Your objective: Copy nothing but the lines from the one containing "3. small box <box>637,370,785,503</box>" through the last line of the records, repeated exactly and without pictures.

Records from a collection:
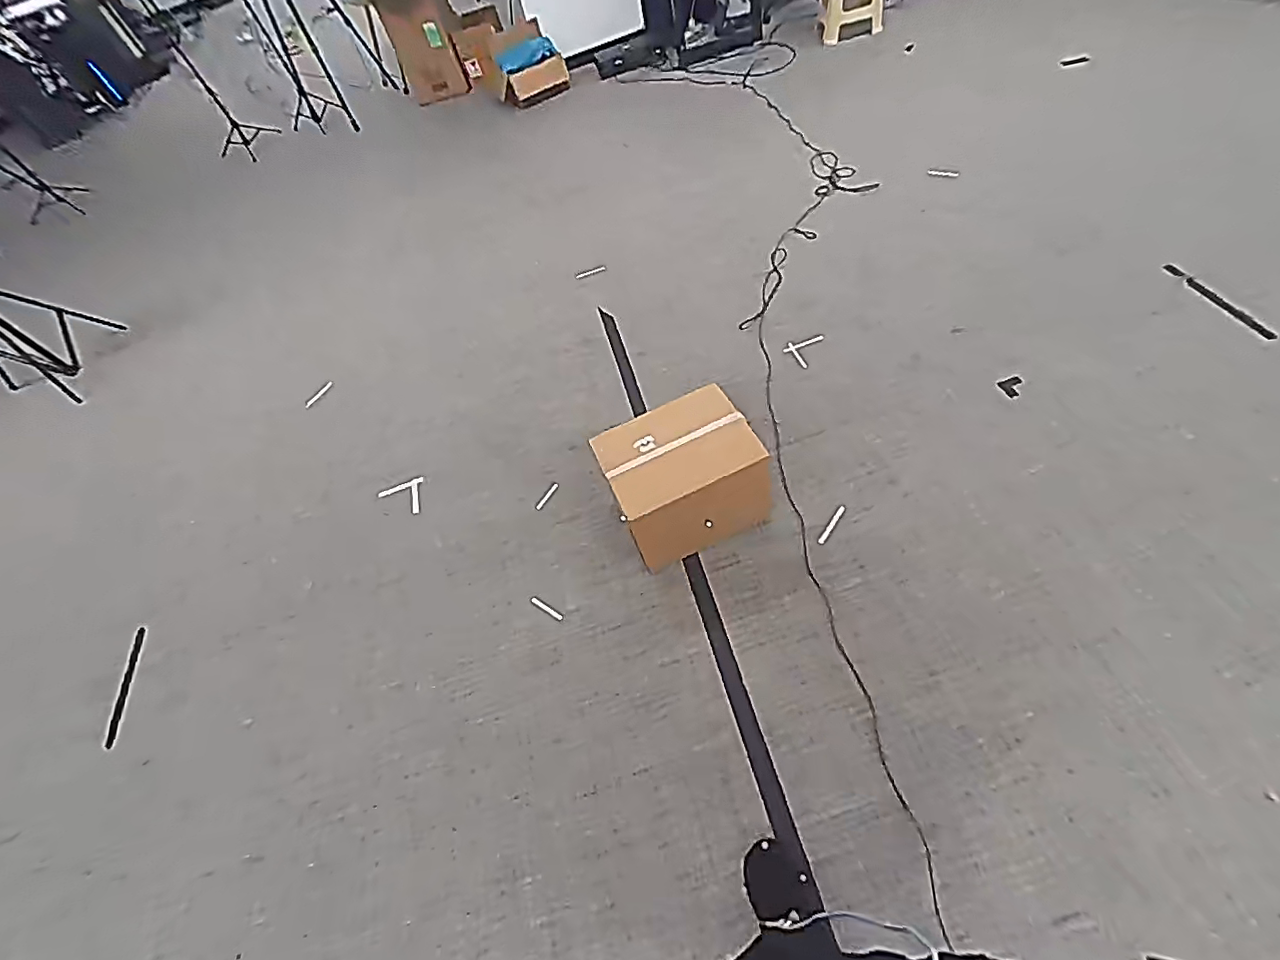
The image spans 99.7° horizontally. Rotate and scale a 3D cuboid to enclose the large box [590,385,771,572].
[{"bbox_3d":[0.126,0.002,1.566,0.408,0.320,0.320,-26,52,-3],"label":"large box"}]
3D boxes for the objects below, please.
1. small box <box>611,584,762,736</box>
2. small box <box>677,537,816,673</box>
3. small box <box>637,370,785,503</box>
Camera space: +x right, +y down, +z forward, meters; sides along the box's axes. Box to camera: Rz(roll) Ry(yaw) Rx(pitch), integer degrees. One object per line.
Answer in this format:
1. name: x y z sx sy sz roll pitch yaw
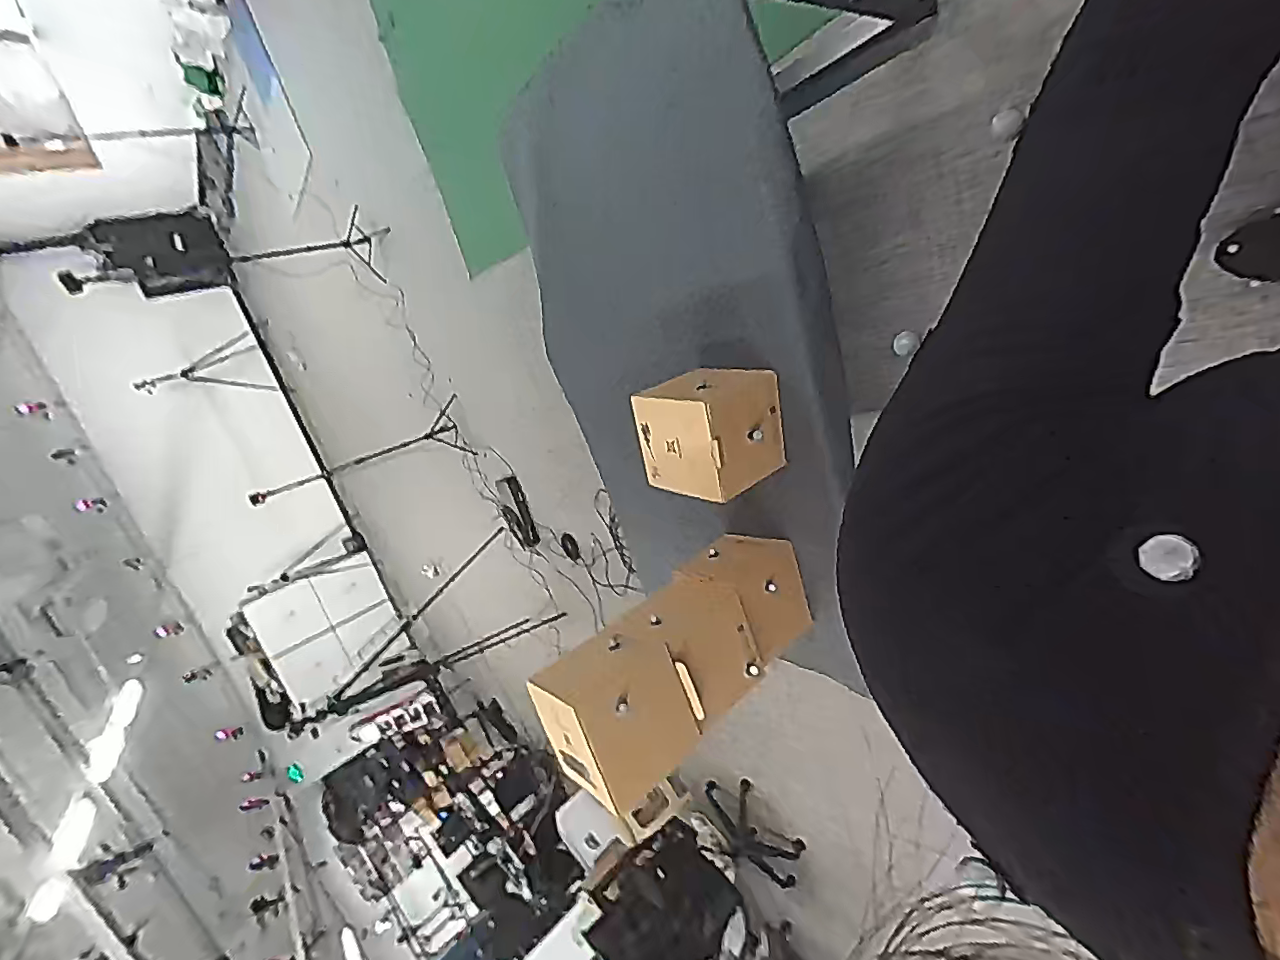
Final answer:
1. small box: 0.086 0.293 0.925 0.179 0.176 0.168 -6 107 56
2. small box: 0.203 0.222 1.016 0.168 0.176 0.179 0 113 54
3. small box: 0.127 -0.083 0.905 0.179 0.176 0.168 14 124 48

Task solution:
3. small box <box>637,370,785,503</box>
Camera space: +x right, +y down, +z forward, meters; sides along the box's axes. Box to camera: Rz(roll) Ry(yaw) Rx(pitch), integer degrees. One object per line.
Answer in this format:
1. name: x y z sx sy sz roll pitch yaw
Final answer:
1. small box: 0.086 0.293 0.925 0.179 0.176 0.168 -6 107 56
2. small box: 0.203 0.222 1.016 0.168 0.176 0.179 0 113 54
3. small box: 0.127 -0.083 0.905 0.179 0.176 0.168 14 124 48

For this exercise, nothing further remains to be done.